Electricity consumers oppose tariff increment by Ikeja Electric

Power Electricity Workers

Electricity consumers on Monday opposed the planned tariff increment by Ikeja Electric (IE), demanding that 90 percent of customers should be metered before any upward review of the tariff.

The customers also slammed the Nigerian Electricity Regulatory Commission (NERC) for failing to protect the interest of Nigerians who are still subjected to exploitative estimated bills by the electricity Distribution Companies (Discos).

The News Agency of Nigeria (NAN) reports that they made their views known at the Extraordinary Tariff Review Stakeholders Consultation organised by IE in Ikeja

The 50 per cent tariff increase, which is expected to begin from April 1, will raise the average tariff from the current level of N27.30 per kilowatt to N40.95 per kilowatt.

Speaking at the forum, Mr Sural Fadairo, National President, Energy Consumer Rights and Responsibilities Initiative, said IE should give priority to metering of all customers under its network instead of asking for a tariff review.

Fadairo said the Discos were not following NERC regulations in issuing their estimated bills, urging the regulatory agency to be alive to its responsibility.

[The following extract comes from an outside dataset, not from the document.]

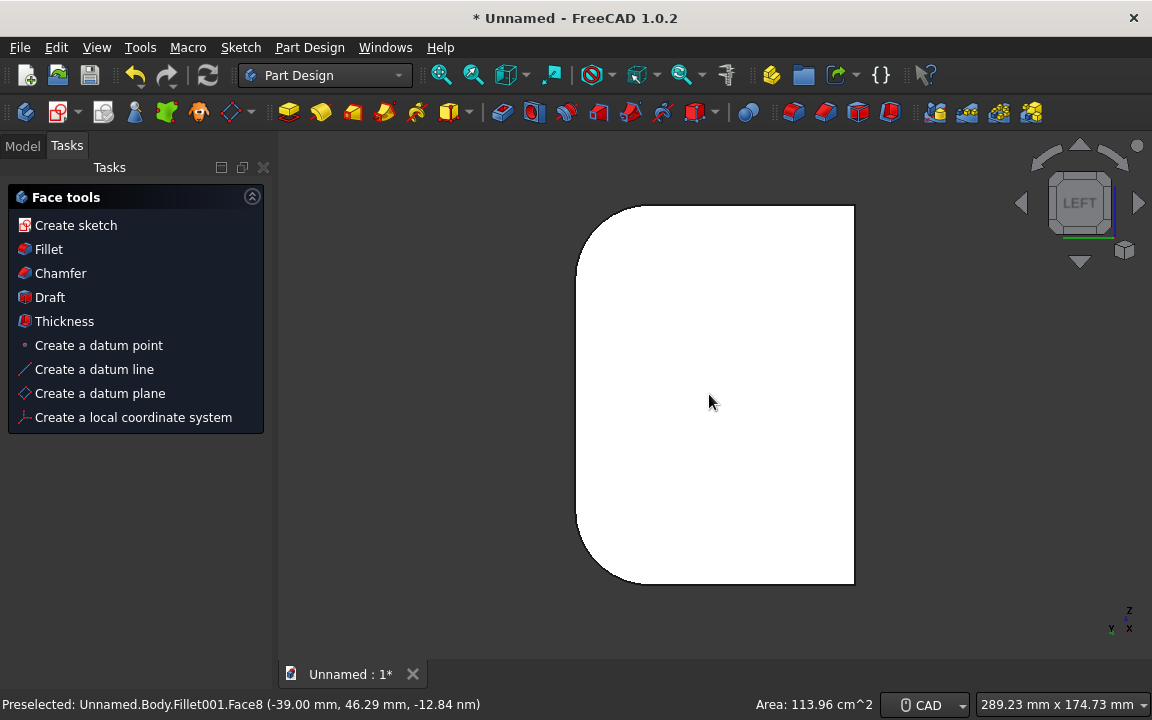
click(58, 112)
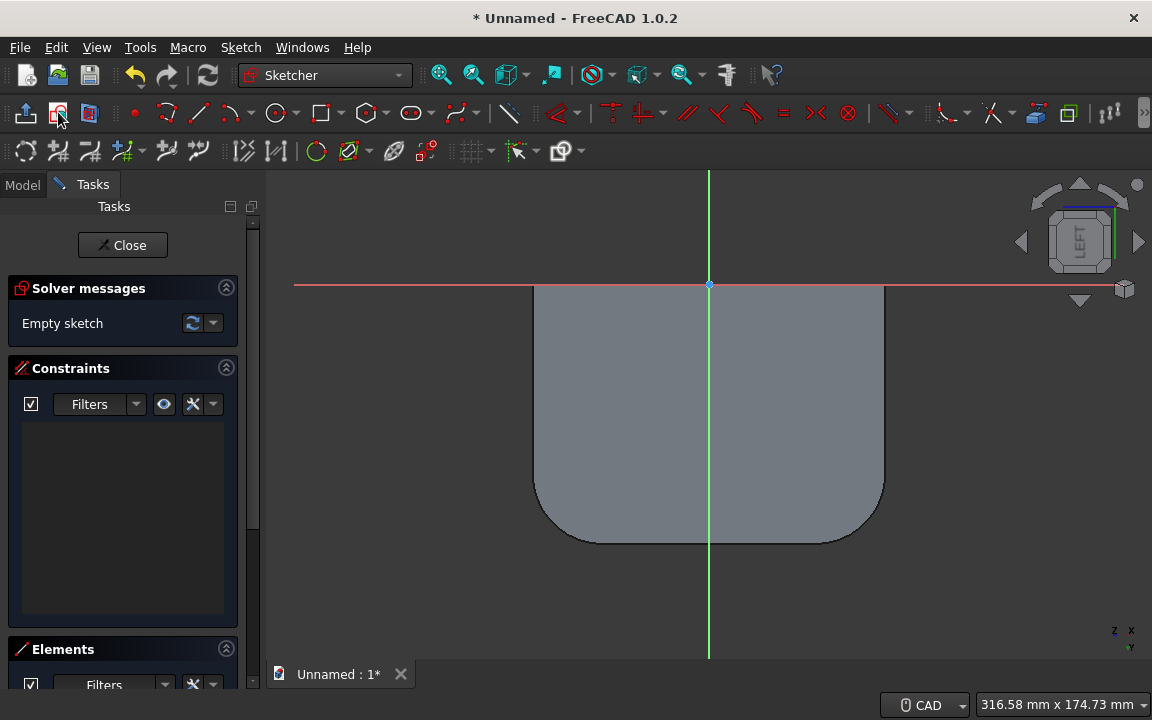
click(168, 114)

Similarly, Mr Ayodele Olawoye, Chairman, Joint Action Committee, Electricity Distribution Companies Customer Rights, said the increment would only inflict more pains on Nigerians.

“We are going to resist this increment and we will go to court. 90 per cent of customers must be issued pre-paid meters before any talk of tariff increment,” he said.

On his part, Mr Adeola Samuel-Ilori, National Coordinator, All Electricity Consumers Protection Forum, said the increment was uncalled for based on various factors.

He said: “Firstly, it is not yet five years since the last Multi Year Tariff Order (MYTO) was implemented, which was in February 2016.

“Secondly, many consumers still buy transformers and line materials which are supposed to be purchased by the Distribution Companies (DisCos).

“The third ground is efficiency. Going by Section 76 (I) (2) of the Electric Power Sector Reform Act 2005, the law says each licensee must have solved the issue of efficiency and this has not been done.”

However, Mr Anthony Youdeowei, Chief Executive Officer, IE, said the consultation forum was one of the requirements by NERC before tariff review, noting that the proposed increment was aimed at achieving a cost reflective tariff.

Youdeowei explained that the tariff increment was not only for the Discos but for the electricity industry and for better service delivery by various levels of the value chain.

He said according to the proposed new tariff of N40. 95 per kilowatt, the disco will get 39 per cent, the Generation Company will get 49 per cent while the Transmission Company gets the remaining 12 per cent.

Youdeowei said the increment was justified because the last Multi Year Tariff Order (MYTO) was implemented in 2016 when the exchange rate was N198. 97 to a dollar which has moved up to N309. 97.

He said that inflation rate which was 8.8 per cent in 2016 had also gone up to 11.3 per cent, stressing that most of the equipment used for power distribution and maintenance were bought abroad.

On the Performance Improvement Plan of the company, he said IE was committed to metering all its customers by 2022 and reducing Aggregate Technical, Commercial and Collection (ATC&C) losses to 8.8 per cent by 2024.

Youdeowei said the company would invest in strategic areas that would guarantee reliable network, quality voltage, energy accounting, improve maintenance turn around time and enhance customer service experience.

Also, NERC Chairman, Prof. James Momoh, said engagement of customers was very critical before any tariff review, stressing that it was an opportunity for stakeholders to ask the Disco what it was willing to do for them.

Momoh, represented by Mr Friday Sule, Zonal Officer, North Central, NERC, said NERC would continue to ensure that all stakeholders adhere to the regulations guiding the operations in the power sector.